What you should do = The answer must be an exact copy of every entry, with no pictures in it.

**** Entries provided

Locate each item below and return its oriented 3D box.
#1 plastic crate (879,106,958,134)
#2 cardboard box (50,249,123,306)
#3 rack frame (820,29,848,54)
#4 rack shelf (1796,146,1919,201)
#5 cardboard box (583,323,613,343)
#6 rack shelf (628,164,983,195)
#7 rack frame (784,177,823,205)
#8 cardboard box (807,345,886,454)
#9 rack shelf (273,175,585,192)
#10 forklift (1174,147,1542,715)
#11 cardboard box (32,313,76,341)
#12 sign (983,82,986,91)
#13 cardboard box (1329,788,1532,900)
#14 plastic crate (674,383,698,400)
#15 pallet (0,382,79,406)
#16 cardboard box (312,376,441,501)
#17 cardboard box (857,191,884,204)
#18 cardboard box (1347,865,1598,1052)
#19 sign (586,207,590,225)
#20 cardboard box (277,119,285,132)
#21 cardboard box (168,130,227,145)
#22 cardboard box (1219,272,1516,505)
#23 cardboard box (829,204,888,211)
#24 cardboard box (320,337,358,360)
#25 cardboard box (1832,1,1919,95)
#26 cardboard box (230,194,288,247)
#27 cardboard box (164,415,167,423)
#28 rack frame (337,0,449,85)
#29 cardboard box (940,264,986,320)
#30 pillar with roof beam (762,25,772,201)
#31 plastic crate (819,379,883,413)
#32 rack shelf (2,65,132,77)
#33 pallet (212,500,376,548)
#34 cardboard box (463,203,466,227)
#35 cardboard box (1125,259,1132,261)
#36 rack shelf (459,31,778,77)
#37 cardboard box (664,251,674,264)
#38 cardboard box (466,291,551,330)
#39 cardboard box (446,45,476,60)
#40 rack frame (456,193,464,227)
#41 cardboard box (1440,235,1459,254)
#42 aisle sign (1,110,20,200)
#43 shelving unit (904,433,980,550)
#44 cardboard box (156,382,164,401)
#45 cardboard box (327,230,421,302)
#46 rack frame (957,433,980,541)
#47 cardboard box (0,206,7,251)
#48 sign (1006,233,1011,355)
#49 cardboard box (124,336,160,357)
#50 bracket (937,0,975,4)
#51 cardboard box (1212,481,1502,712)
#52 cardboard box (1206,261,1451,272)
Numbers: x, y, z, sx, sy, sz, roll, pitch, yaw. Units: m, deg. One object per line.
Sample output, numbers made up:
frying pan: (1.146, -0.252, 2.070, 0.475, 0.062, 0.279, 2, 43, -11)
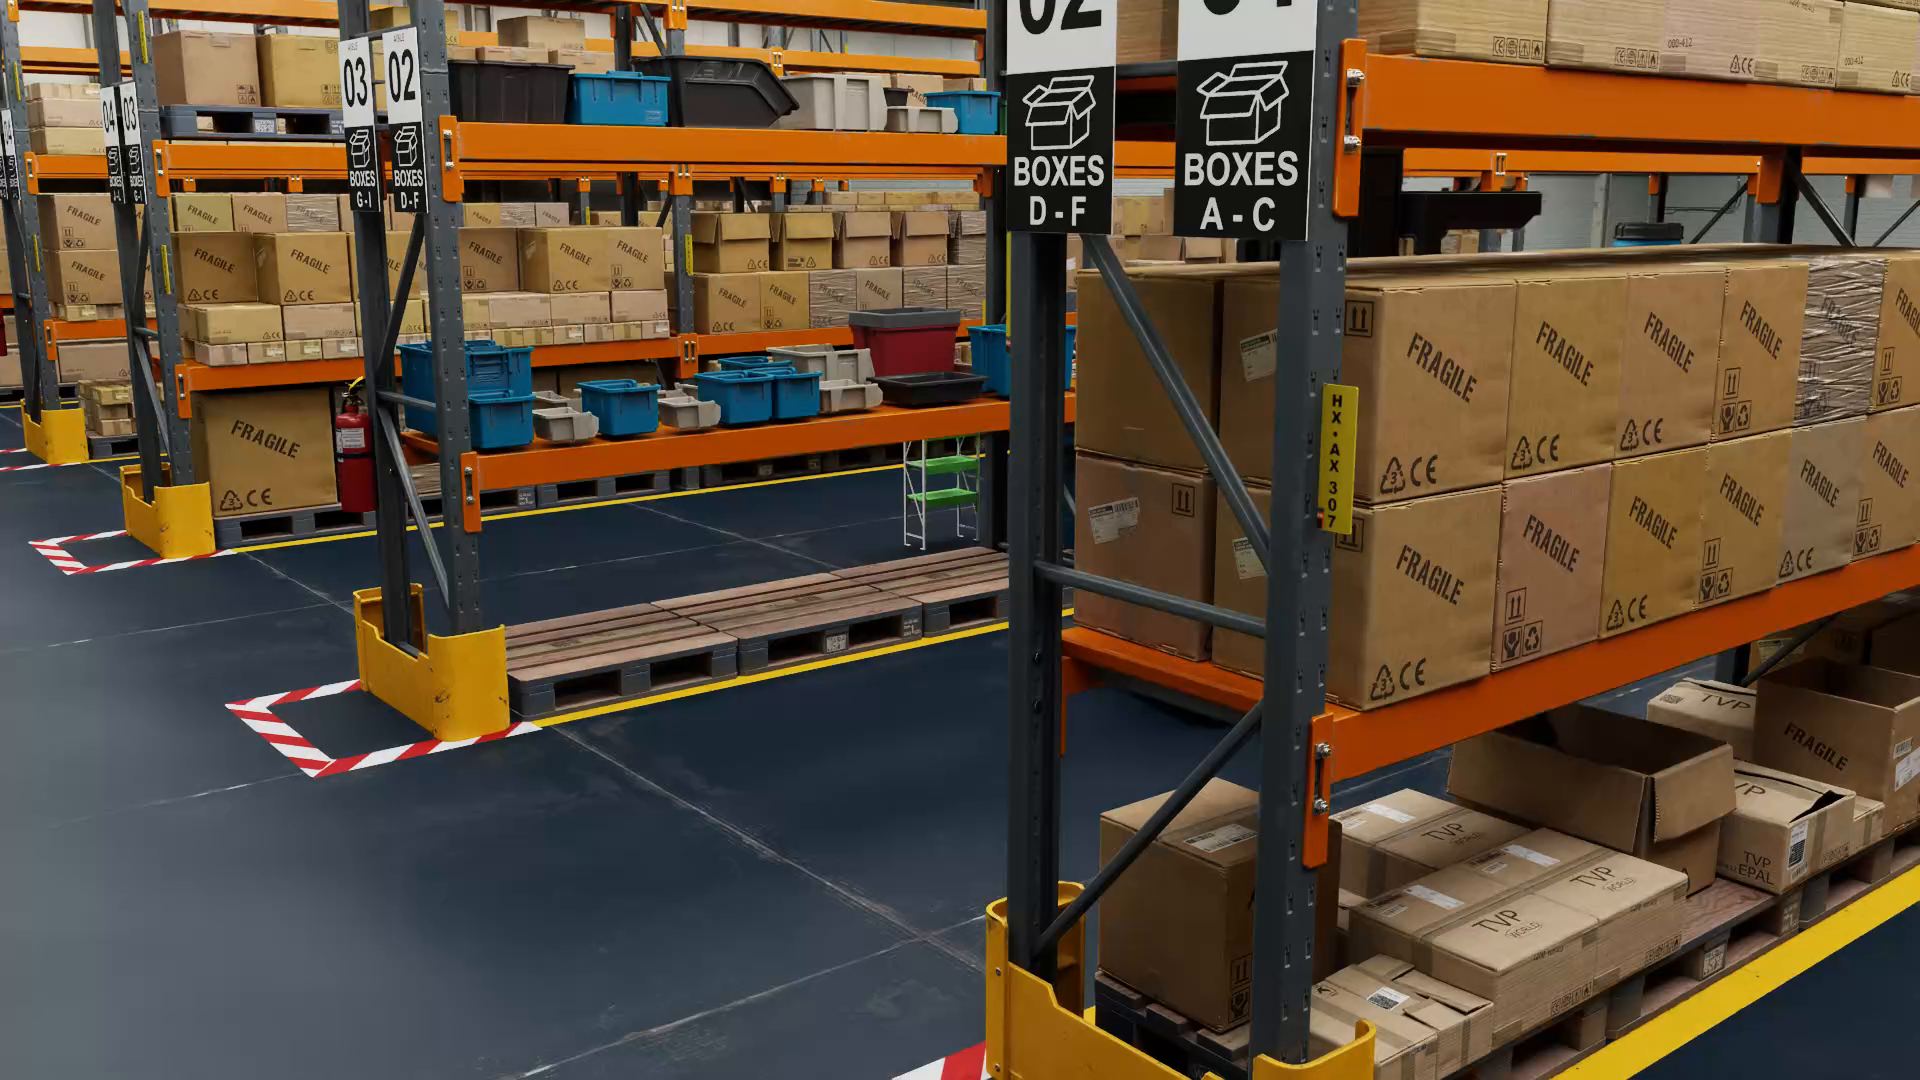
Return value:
plastic crate: (-0.235, -2.277, 9.044, 0.466, 0.136, 0.293, -9, 15, -38)
cardboard box: (-8.193, -2.475, 15.607, 0.500, 0.500, 0.500, -9, 15, -35)
rack frame: (-2.498, -8.872, 32.248, 0.127, 3.000, 1.000, -9, 15, -38)
rack shelf: (5.174, -1.737, 7.596, 4.000, 0.370, 1.077, -9, 15, -38)
cardboard box: (-3.008, -1.687, 13.455, 0.250, 0.149, 0.380, -10, 15, -39)
rack shelf: (-1.012, -3.344, 15.165, 4.000, 0.370, 1.077, -9, 15, -38)
rack frame: (-2.517, -4.614, 26.638, 0.127, 3.000, 1.000, -9, 15, -38)
cardboard box: (-1.389, -1.337, 15.309, 0.875, 0.875, 1.225, -10, 16, -40)
rack shelf: (-7.202, -4.951, 22.734, 4.000, 0.370, 1.077, -9, 15, -38)
forklift: (2.237, -0.766, 8.680, 3.031, 2.935, 1.130, -6, 13, -26)
cardboard box: (-13.287, -3.065, 24.350, 0.500, 0.500, 0.500, -9, 15, -37)
sign: (0.179, -2.727, 10.505, 0.005, 0.325, 0.100, -9, 15, -38)
cardboard box: (1.520, 1.058, 5.484, 0.500, 0.250, 0.500, -9, 15, -38)
plastic crate: (-1.422, -0.799, 9.160, 0.250, 0.136, 0.298, -9, 15, -38)
pallet: (-11.312, -1.810, 20.143, 1.213, 0.211, 1.003, -9, 15, -38)
cardboard box: (-4.536, -0.830, 12.920, 0.875, 0.875, 0.875, -9, 15, -38)
cardboard box: (-1.626, -5.382, 26.891, 0.500, 0.500, 0.700, -9, 15, -37)
cardboard box: (1.481, 1.198, 4.827, 0.500, 0.250, 0.500, -9, 15, -38)
sign: (-5.291, -4.572, 23.651, 0.005, 0.325, 0.100, -9, 15, -38)
cardboard box: (-6.612, -4.190, 16.574, 0.500, 0.250, 0.500, -9, 15, -35)
cardboard box: (-7.398, -3.815, 16.012, 0.500, 0.250, 0.500, -10, 16, -39)
cardboard box: (1.000, -0.395, 4.121, 0.500, 0.500, 0.500, -9, 15, -36)
cardboard box: (-1.319, -4.033, 21.252, 0.500, 0.500, 0.700, -10, 15, -39)
cardboard box: (-4.611, -1.420, 12.201, 0.250, 0.149, 0.380, -10, 15, -39)
cardboard box: (2.617, -1.520, 5.204, 0.500, 0.250, 0.500, -9, 15, -38)
cardboard box: (-6.994, -3.163, 16.440, 0.500, 0.500, 0.500, -10, 16, -39)
cardboard box: (-7.764, -1.175, 16.293, 0.250, 0.149, 0.380, -9, 15, -37)
rack frame: (-2.603, -3.581, 7.329, 0.127, 3.000, 1.000, -9, 15, -38)
cardboard box: (-0.073, -2.369, 15.822, 0.500, 0.500, 0.500, -10, 15, -38)
pillar with roof beam: (-0.915, -8.230, 29.223, 0.548, 9.000, 9.100, -9, 15, -38)
plastic crate: (-0.651, -0.791, 9.124, 0.466, 0.136, 0.293, -9, 15, -38)
rack shelf: (-13.430, -6.702, 23.768, 4.000, 0.370, 1.077, -9, 15, -38)
pallet: (-5.121, -0.202, 12.573, 1.213, 0.211, 1.003, -9, 15, -38)
cardboard box: (-7.068, -4.328, 22.641, 0.500, 0.500, 0.500, -10, 15, -39)
cardboard box: (1.684, -2.888, 17.819, 0.258, 0.266, 0.396, -10, 16, -39)
rack shelf: (-4.031, -5.433, 18.745, 4.000, 0.370, 1.077, -9, 15, -38)
cardboard box: (-3.374, -3.262, 19.146, 0.250, 0.149, 0.380, -10, 15, -38)
cardboard box: (-3.555, -1.807, 13.064, 0.500, 0.250, 0.500, -9, 15, -37)
cardboard box: (-4.066, -3.514, 12.743, 0.500, 0.500, 0.700, -9, 15, -35)
rack frame: (-5.593, -2.786, 18.030, 0.127, 3.000, 1.000, -9, 15, -38)
cardboard box: (5.617, -3.511, 20.486, 0.500, 0.500, 0.875, -9, 15, -38)
aisle sign: (-8.586, -3.481, 15.042, 0.004, 0.787, 0.394, -9, 15, -38)
shelving unit: (-0.129, -0.565, 11.903, 0.503, 1.200, 0.258, -9, 15, -38)
cardboard box: (-7.678, -1.449, 16.153, 0.250, 0.149, 0.380, -9, 15, -38)
cardboard box: (-4.362, -2.040, 12.356, 0.500, 0.500, 0.500, -10, 16, -39)
rack frame: (0.061, -0.597, 12.052, 0.015, 1.200, 0.240, -9, 15, -38)
cardboard box: (-11.335, -3.611, 19.266, 0.500, 0.500, 0.500, -10, 15, -39)
sign: (0.158, -0.656, 4.449, 0.005, 0.325, 0.100, -9, 15, -38)
cardboard box: (-10.020, -2.348, 21.122, 0.875, 0.438, 0.875, -10, 16, -39)
bracket: (-1.033, -11.022, 33.704, 4.783, 0.066, 0.076, -9, 15, -38)
cardboard box: (1.000, 0.094, 4.225, 0.500, 0.500, 0.500, -9, 15, -36)
cardboard box: (1.059, -0.549, 4.843, 0.500, 0.500, 0.500, -9, 15, -36)

********

Solution to this task =
Locate each item below and return its oriented 3D box.
#1 plastic crate (879,106,958,134)
#2 cardboard box (50,249,123,306)
#3 rack frame (820,29,848,54)
#4 rack shelf (1796,146,1919,201)
#5 cardboard box (583,323,613,343)
#6 rack shelf (628,164,983,195)
#7 rack frame (784,177,823,205)
#8 cardboard box (807,345,886,454)
#9 rack shelf (273,175,585,192)
#10 forklift (1174,147,1542,715)
#11 cardboard box (32,313,76,341)
#12 sign (983,82,986,91)
#13 cardboard box (1329,788,1532,900)
#14 plastic crate (674,383,698,400)
#15 pallet (0,382,79,406)
#16 cardboard box (312,376,441,501)
#17 cardboard box (857,191,884,204)
#18 cardboard box (1347,865,1598,1052)
#19 sign (586,207,590,225)
#20 cardboard box (277,119,285,132)
#21 cardboard box (168,130,227,145)
#22 cardboard box (1219,272,1516,505)
#23 cardboard box (829,204,888,211)
#24 cardboard box (320,337,358,360)
#25 cardboard box (1832,1,1919,95)
#26 cardboard box (230,194,288,247)
#27 cardboard box (164,415,167,423)
#28 rack frame (337,0,449,85)
#29 cardboard box (940,264,986,320)
#30 pillar with roof beam (762,25,772,201)
#31 plastic crate (819,379,883,413)
#32 rack shelf (2,65,132,77)
#33 pallet (212,500,376,548)
#34 cardboard box (463,203,466,227)
#35 cardboard box (1125,259,1132,261)
#36 rack shelf (459,31,778,77)
#37 cardboard box (664,251,674,264)
#38 cardboard box (466,291,551,330)
#39 cardboard box (446,45,476,60)
#40 rack frame (456,193,464,227)
#41 cardboard box (1440,235,1459,254)
#42 aisle sign (1,110,20,200)
#43 shelving unit (904,433,980,550)
#44 cardboard box (156,382,164,401)
#45 cardboard box (327,230,421,302)
#46 rack frame (957,433,980,541)
#47 cardboard box (0,206,7,251)
#48 sign (1006,233,1011,355)
#49 cardboard box (124,336,160,357)
#50 bracket (937,0,975,4)
#51 cardboard box (1212,481,1502,712)
#52 cardboard box (1206,261,1451,272)
Numbers: x, y, z, sx, sy, sz, roll, pitch, yaw. Units: m, deg. One object per line.
Sample output, numbers made up:
frying pan: (1.146, -0.252, 2.070, 0.475, 0.062, 0.279, 2, 43, -11)
Return value:
plastic crate: (-0.235, -2.277, 9.044, 0.466, 0.136, 0.293, -9, 15, -38)
cardboard box: (-8.193, -2.475, 15.607, 0.500, 0.500, 0.500, -9, 15, -35)
rack frame: (-2.498, -8.872, 32.248, 0.127, 3.000, 1.000, -9, 15, -38)
rack shelf: (5.174, -1.737, 7.596, 4.000, 0.370, 1.077, -9, 15, -38)
cardboard box: (-3.008, -1.687, 13.455, 0.250, 0.149, 0.380, -10, 15, -39)
rack shelf: (-1.012, -3.344, 15.165, 4.000, 0.370, 1.077, -9, 15, -38)
rack frame: (-2.517, -4.614, 26.638, 0.127, 3.000, 1.000, -9, 15, -38)
cardboard box: (-1.389, -1.337, 15.309, 0.875, 0.875, 1.225, -10, 16, -40)
rack shelf: (-7.202, -4.951, 22.734, 4.000, 0.370, 1.077, -9, 15, -38)
forklift: (2.237, -0.766, 8.680, 3.031, 2.935, 1.130, -6, 13, -26)
cardboard box: (-13.287, -3.065, 24.350, 0.500, 0.500, 0.500, -9, 15, -37)
sign: (0.179, -2.727, 10.505, 0.005, 0.325, 0.100, -9, 15, -38)
cardboard box: (1.520, 1.058, 5.484, 0.500, 0.250, 0.500, -9, 15, -38)
plastic crate: (-1.422, -0.799, 9.160, 0.250, 0.136, 0.298, -9, 15, -38)
pallet: (-11.312, -1.810, 20.143, 1.213, 0.211, 1.003, -9, 15, -38)
cardboard box: (-4.536, -0.830, 12.920, 0.875, 0.875, 0.875, -9, 15, -38)
cardboard box: (-1.626, -5.382, 26.891, 0.500, 0.500, 0.700, -9, 15, -37)
cardboard box: (1.481, 1.198, 4.827, 0.500, 0.250, 0.500, -9, 15, -38)
sign: (-5.291, -4.572, 23.651, 0.005, 0.325, 0.100, -9, 15, -38)
cardboard box: (-6.612, -4.190, 16.574, 0.500, 0.250, 0.500, -9, 15, -35)
cardboard box: (-7.398, -3.815, 16.012, 0.500, 0.250, 0.500, -10, 16, -39)
cardboard box: (1.000, -0.395, 4.121, 0.500, 0.500, 0.500, -9, 15, -36)
cardboard box: (-1.319, -4.033, 21.252, 0.500, 0.500, 0.700, -10, 15, -39)
cardboard box: (-4.611, -1.420, 12.201, 0.250, 0.149, 0.380, -10, 15, -39)
cardboard box: (2.617, -1.520, 5.204, 0.500, 0.250, 0.500, -9, 15, -38)
cardboard box: (-6.994, -3.163, 16.440, 0.500, 0.500, 0.500, -10, 16, -39)
cardboard box: (-7.764, -1.175, 16.293, 0.250, 0.149, 0.380, -9, 15, -37)
rack frame: (-2.603, -3.581, 7.329, 0.127, 3.000, 1.000, -9, 15, -38)
cardboard box: (-0.073, -2.369, 15.822, 0.500, 0.500, 0.500, -10, 15, -38)
pillar with roof beam: (-0.915, -8.230, 29.223, 0.548, 9.000, 9.100, -9, 15, -38)
plastic crate: (-0.651, -0.791, 9.124, 0.466, 0.136, 0.293, -9, 15, -38)
rack shelf: (-13.430, -6.702, 23.768, 4.000, 0.370, 1.077, -9, 15, -38)
pallet: (-5.121, -0.202, 12.573, 1.213, 0.211, 1.003, -9, 15, -38)
cardboard box: (-7.068, -4.328, 22.641, 0.500, 0.500, 0.500, -10, 15, -39)
cardboard box: (1.684, -2.888, 17.819, 0.258, 0.266, 0.396, -10, 16, -39)
rack shelf: (-4.031, -5.433, 18.745, 4.000, 0.370, 1.077, -9, 15, -38)
cardboard box: (-3.374, -3.262, 19.146, 0.250, 0.149, 0.380, -10, 15, -38)
cardboard box: (-3.555, -1.807, 13.064, 0.500, 0.250, 0.500, -9, 15, -37)
cardboard box: (-4.066, -3.514, 12.743, 0.500, 0.500, 0.700, -9, 15, -35)
rack frame: (-5.593, -2.786, 18.030, 0.127, 3.000, 1.000, -9, 15, -38)
cardboard box: (5.617, -3.511, 20.486, 0.500, 0.500, 0.875, -9, 15, -38)
aisle sign: (-8.586, -3.481, 15.042, 0.004, 0.787, 0.394, -9, 15, -38)
shelving unit: (-0.129, -0.565, 11.903, 0.503, 1.200, 0.258, -9, 15, -38)
cardboard box: (-7.678, -1.449, 16.153, 0.250, 0.149, 0.380, -9, 15, -38)
cardboard box: (-4.362, -2.040, 12.356, 0.500, 0.500, 0.500, -10, 16, -39)
rack frame: (0.061, -0.597, 12.052, 0.015, 1.200, 0.240, -9, 15, -38)
cardboard box: (-11.335, -3.611, 19.266, 0.500, 0.500, 0.500, -10, 15, -39)
sign: (0.158, -0.656, 4.449, 0.005, 0.325, 0.100, -9, 15, -38)
cardboard box: (-10.020, -2.348, 21.122, 0.875, 0.438, 0.875, -10, 16, -39)
bracket: (-1.033, -11.022, 33.704, 4.783, 0.066, 0.076, -9, 15, -38)
cardboard box: (1.000, 0.094, 4.225, 0.500, 0.500, 0.500, -9, 15, -36)
cardboard box: (1.059, -0.549, 4.843, 0.500, 0.500, 0.500, -9, 15, -36)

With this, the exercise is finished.